The Old in Tiong Bahru
by Sariyanto Slamat, Liyana Roslan, Marshall Lim, Ling Don Wei and Ashwynn Darshan |July 19, 2013 -- Updated 22:30

Third-year Diploma in Mass Communication students had to do a photo essay on a Singapore Heritage Trail for a lesson supported by the National Heritage Board. The team of Sariyanto Slamat, Liyana Roslan, Marshall Lim, Ling Don Wei and Ashwynn Darshan ventured to the Heritage Trail of Tiong Bahru for their assignment. Team leader Sariyanto shares their experience of getting the photographs.

Two old men played ping pong, their wrinkles belying their enthusiasm as they tried to win every point. Then there was laughter, followed by pats on the back by their friends. That was one scene that we could never forget; amidst the hustle and bustle of today’s modern life, there is still a touch of nostalgia and a laidback atmosphere around Tiong Bahru. I guess that was where we got the inspiration for our theme of finding the old within the new, redeveloped landscape of the area.

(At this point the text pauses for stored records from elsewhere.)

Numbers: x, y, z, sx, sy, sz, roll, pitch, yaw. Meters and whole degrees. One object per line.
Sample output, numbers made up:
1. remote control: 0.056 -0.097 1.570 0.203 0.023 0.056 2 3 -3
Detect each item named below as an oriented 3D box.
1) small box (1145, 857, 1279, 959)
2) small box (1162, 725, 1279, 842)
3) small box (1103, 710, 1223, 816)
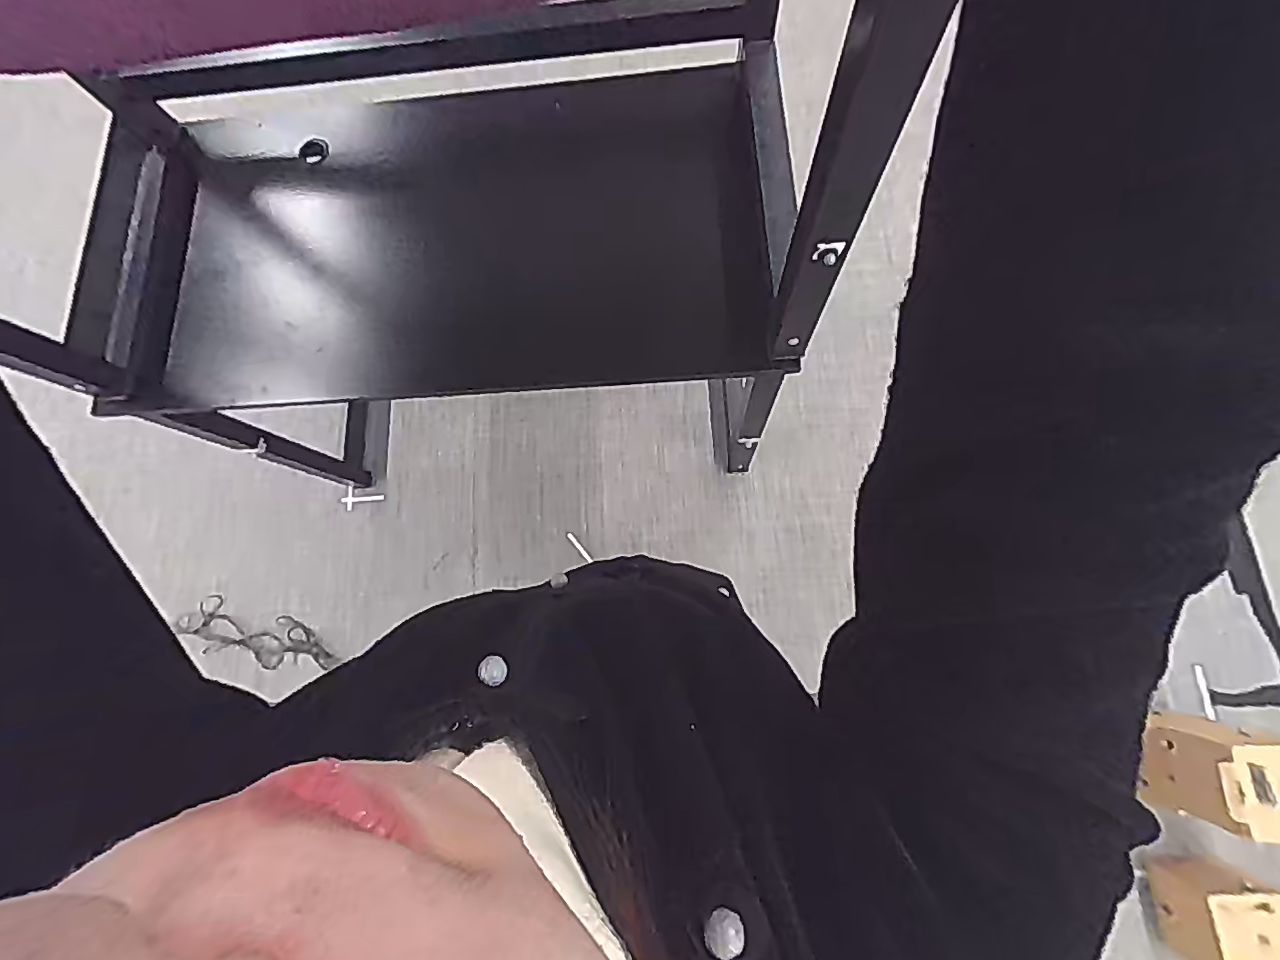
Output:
1. small box: 1.250 0.946 1.159 0.168 0.176 0.179 -4 78 4
2. small box: 1.196 0.593 1.072 0.179 0.176 0.168 -2 78 3
3. small box: 1.214 0.636 1.229 0.168 0.176 0.179 -5 78 4
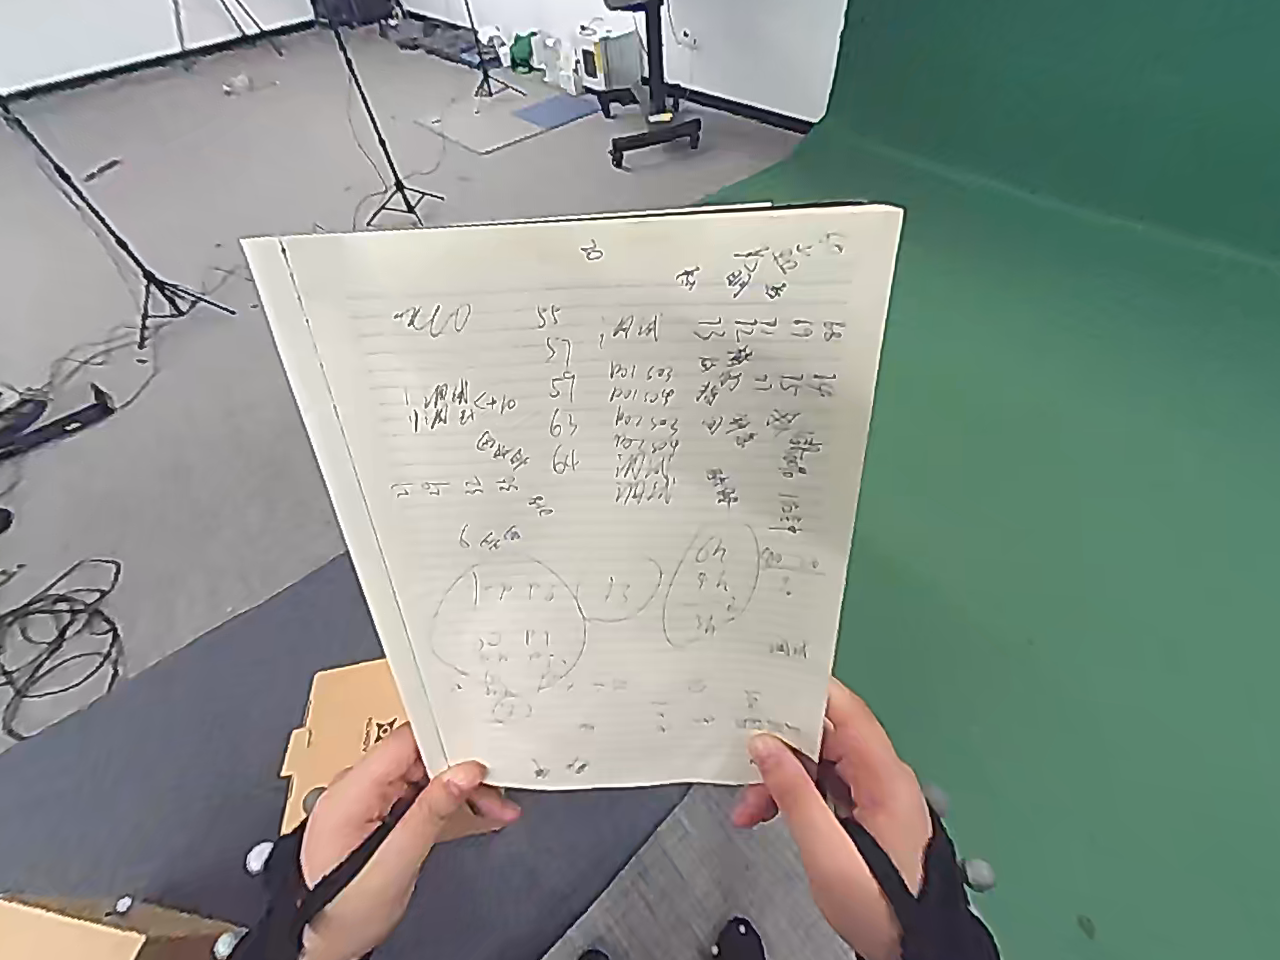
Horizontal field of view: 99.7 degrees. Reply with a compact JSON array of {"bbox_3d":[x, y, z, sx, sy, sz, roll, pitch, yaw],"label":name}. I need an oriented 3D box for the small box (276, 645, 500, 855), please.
[{"bbox_3d":[-0.267,0.315,0.626,0.179,0.176,0.168,-12,51,-2],"label":"small box"}]

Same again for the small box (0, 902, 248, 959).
[{"bbox_3d":[-0.522,0.506,0.496,0.179,0.176,0.168,5,51,9],"label":"small box"}]
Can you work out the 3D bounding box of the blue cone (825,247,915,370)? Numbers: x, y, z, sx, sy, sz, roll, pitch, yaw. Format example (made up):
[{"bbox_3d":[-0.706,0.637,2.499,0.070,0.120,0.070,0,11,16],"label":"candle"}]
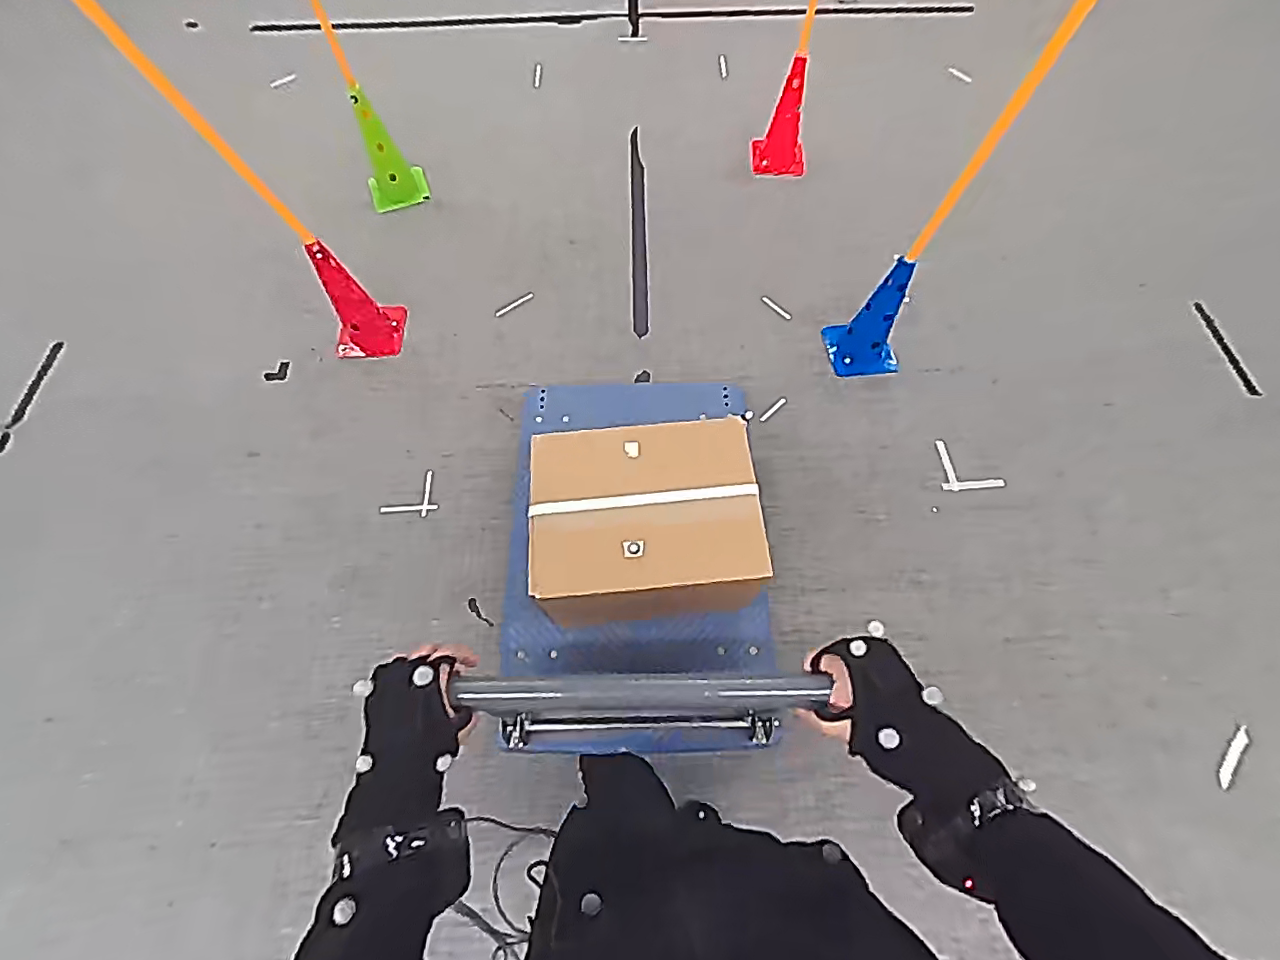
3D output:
[{"bbox_3d":[0.690,-0.495,1.545,0.193,0.380,0.192,-5,64,-3],"label":"blue cone"}]

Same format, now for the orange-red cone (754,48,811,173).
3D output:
[{"bbox_3d":[0.537,-1.316,1.909,0.199,0.360,0.198,5,66,1],"label":"orange-red cone"}]
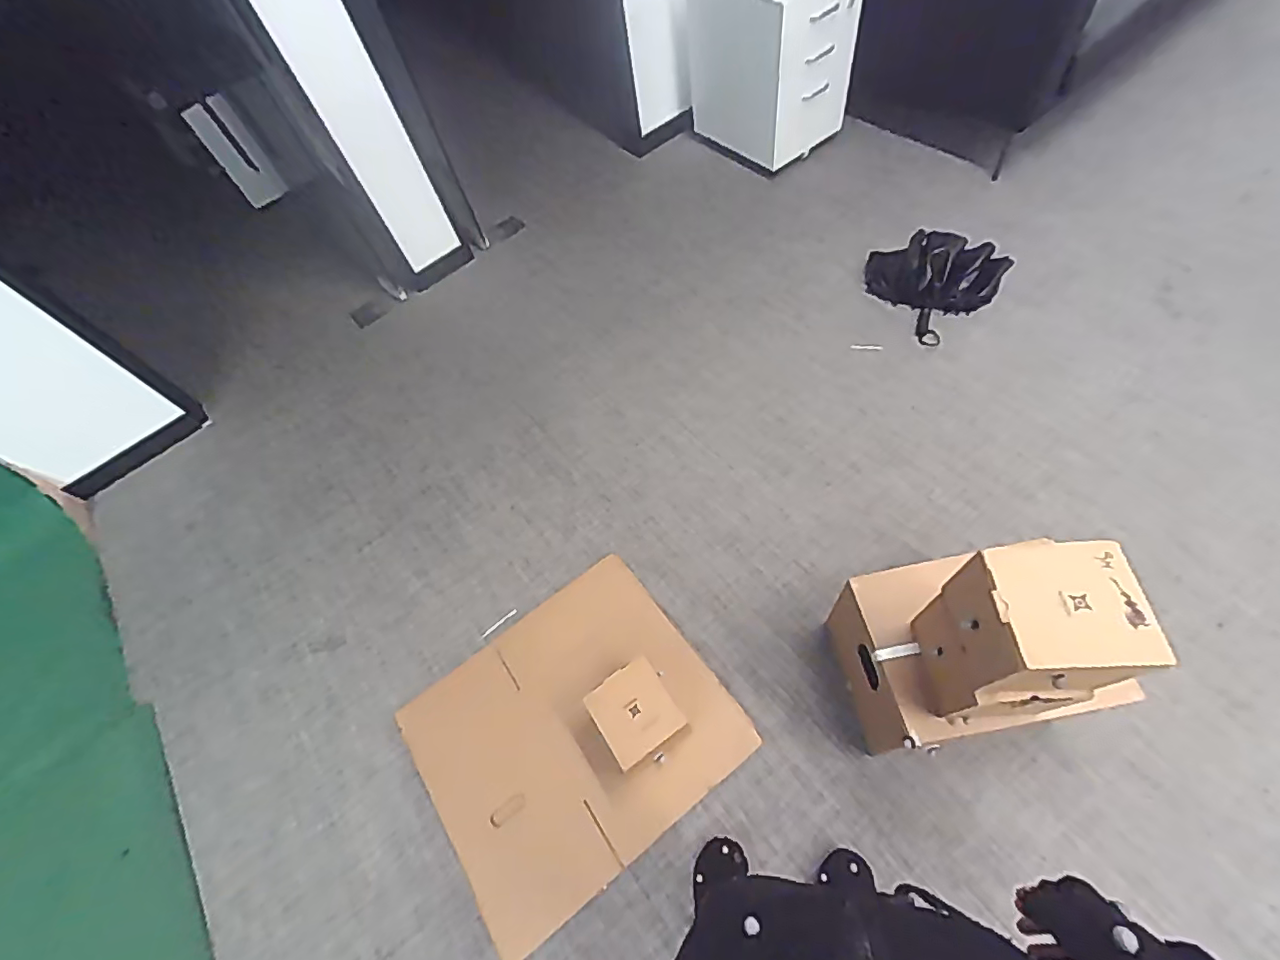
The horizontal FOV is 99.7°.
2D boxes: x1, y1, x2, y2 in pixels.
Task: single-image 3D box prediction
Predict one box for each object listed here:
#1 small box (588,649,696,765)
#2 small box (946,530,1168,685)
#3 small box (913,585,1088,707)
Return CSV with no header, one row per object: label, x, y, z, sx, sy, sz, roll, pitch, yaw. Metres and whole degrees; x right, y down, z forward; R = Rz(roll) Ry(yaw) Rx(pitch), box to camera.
small box,0.008,0.516,1.217,0.168,0.176,0.179,-35,61,-9
small box,0.567,0.189,0.775,0.179,0.176,0.168,-7,58,5
small box,0.585,0.280,0.907,0.168,0.176,0.179,-6,59,6
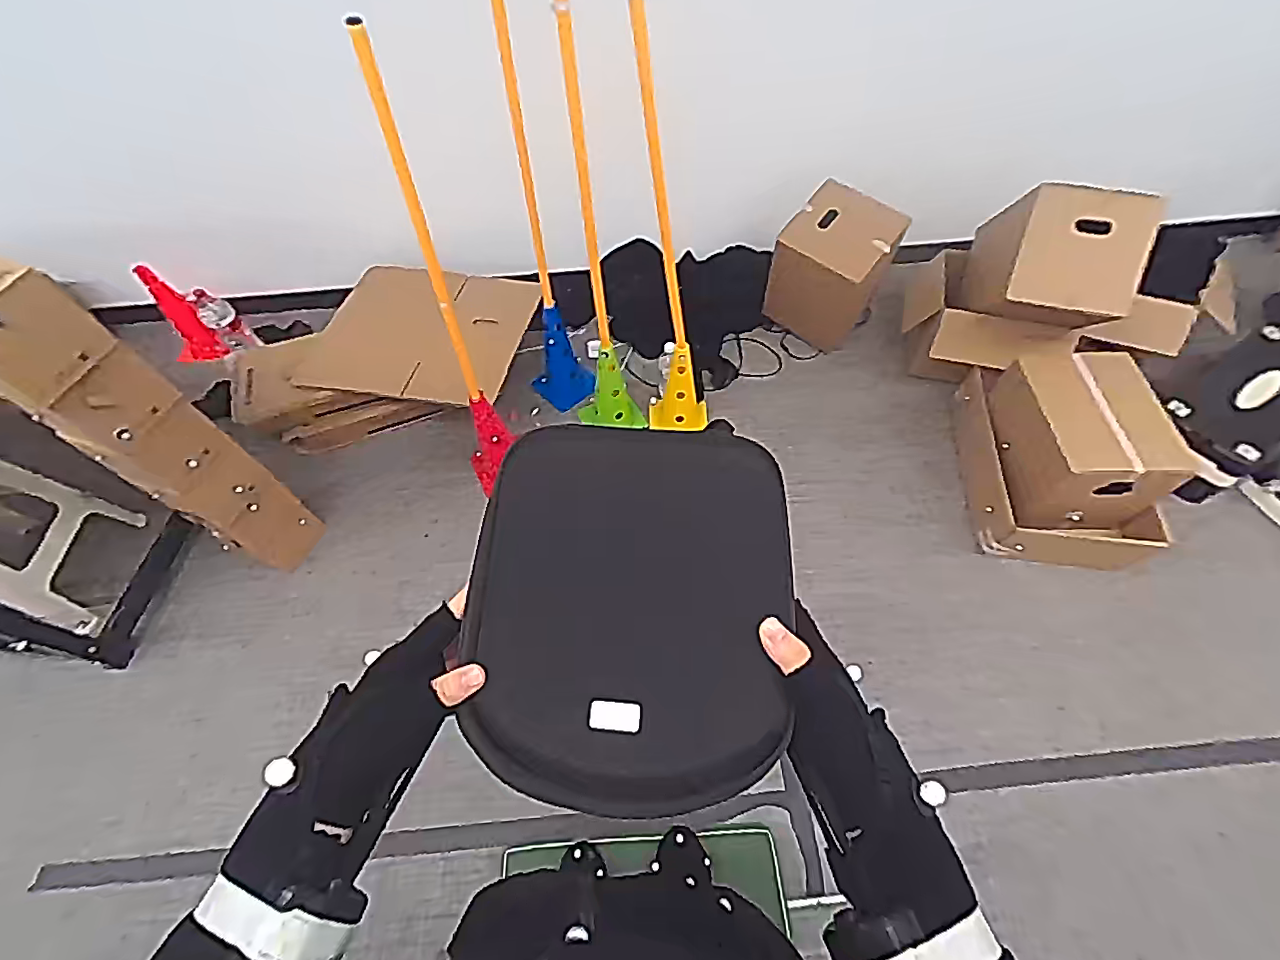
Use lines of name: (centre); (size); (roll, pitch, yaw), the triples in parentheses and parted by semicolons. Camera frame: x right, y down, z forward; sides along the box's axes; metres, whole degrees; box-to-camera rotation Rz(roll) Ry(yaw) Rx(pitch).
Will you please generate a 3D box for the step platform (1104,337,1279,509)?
step platform: (1.862, -0.197, 1.736); (0.684, 0.204, 0.286); (-30, 62, -16)
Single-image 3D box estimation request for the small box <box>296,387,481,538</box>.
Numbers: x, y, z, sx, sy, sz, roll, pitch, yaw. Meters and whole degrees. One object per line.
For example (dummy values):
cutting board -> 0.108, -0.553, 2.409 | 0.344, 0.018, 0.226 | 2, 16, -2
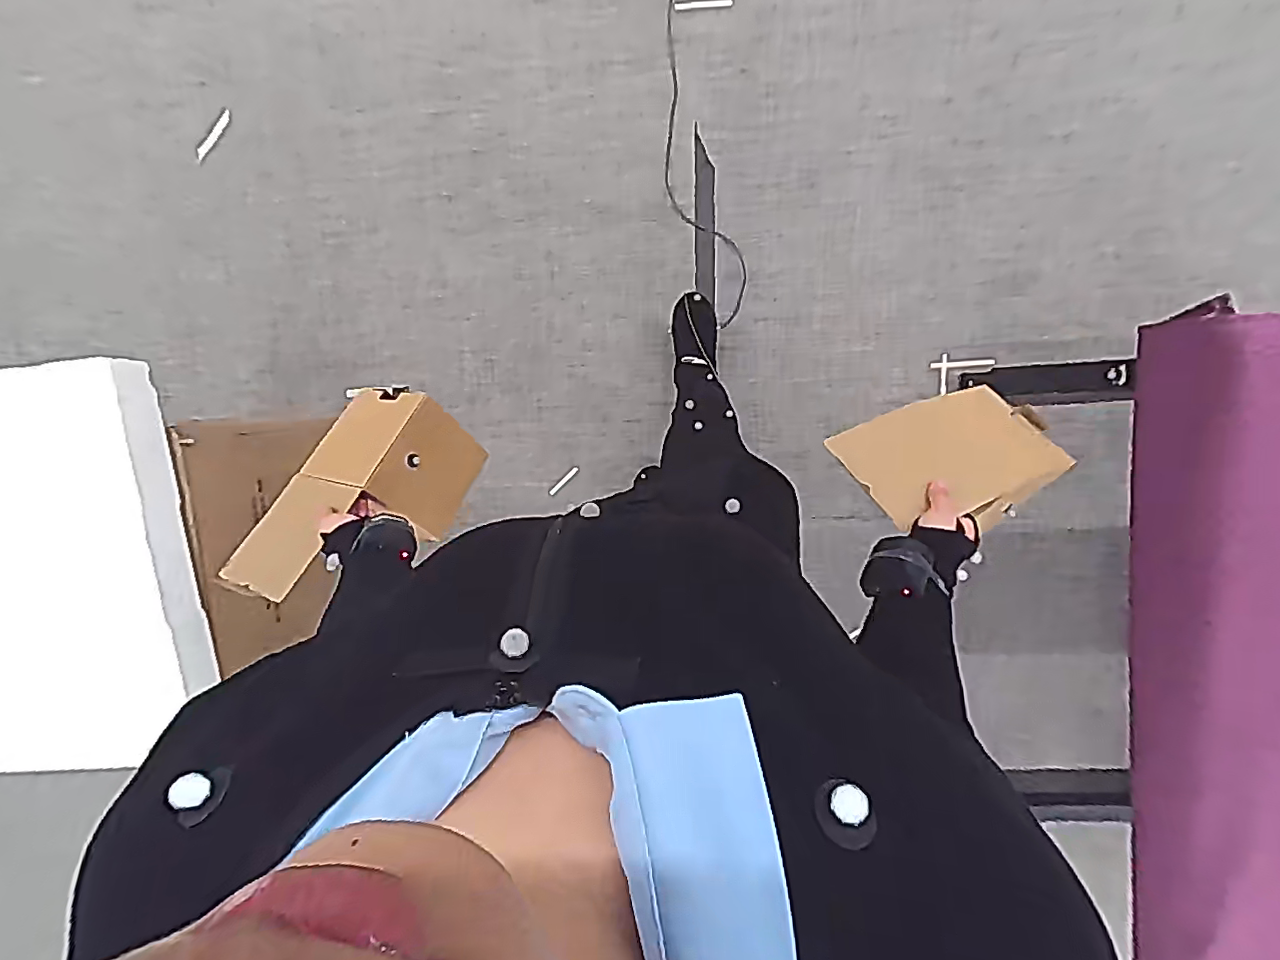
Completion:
small box -> -0.389, -0.026, 0.868 | 0.168, 0.176, 0.179 | 9, 61, 29
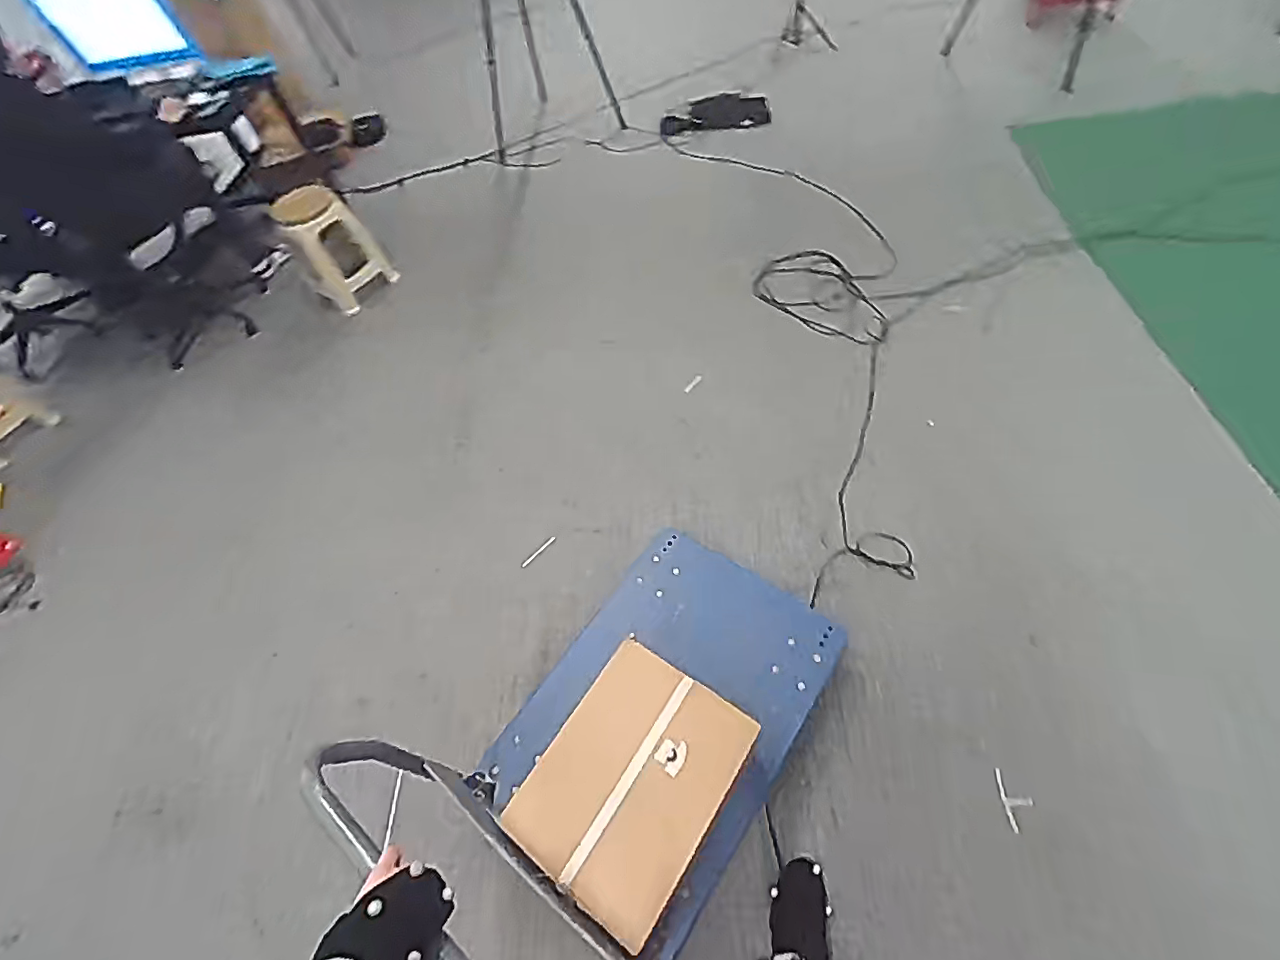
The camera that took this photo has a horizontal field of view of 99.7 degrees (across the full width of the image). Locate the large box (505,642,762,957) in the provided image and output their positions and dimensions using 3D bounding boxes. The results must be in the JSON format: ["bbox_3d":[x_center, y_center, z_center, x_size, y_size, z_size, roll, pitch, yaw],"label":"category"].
[{"bbox_3d":[0.010,0.621,1.091,0.320,0.320,0.408,28,63,24],"label":"large box"}]

Tiong Bahru is a huge place. Even after three hours we could not finish exploring the whole vicinity. We met Mr Rodney Goh, the highlight of our trip.  His warmth and eagerness to share his story was a welcome experience for us. As mass communication students, we know how difficult it is to approach a total stranger, much less score an interview.  Mr Goh showed us his pride and joy – a brand new 1300-cc Harley Davidson motorcycle tucked away underneath an old, dirty canvas. Yes, this is the story of Tiong Bahru – the old and the new intertwine.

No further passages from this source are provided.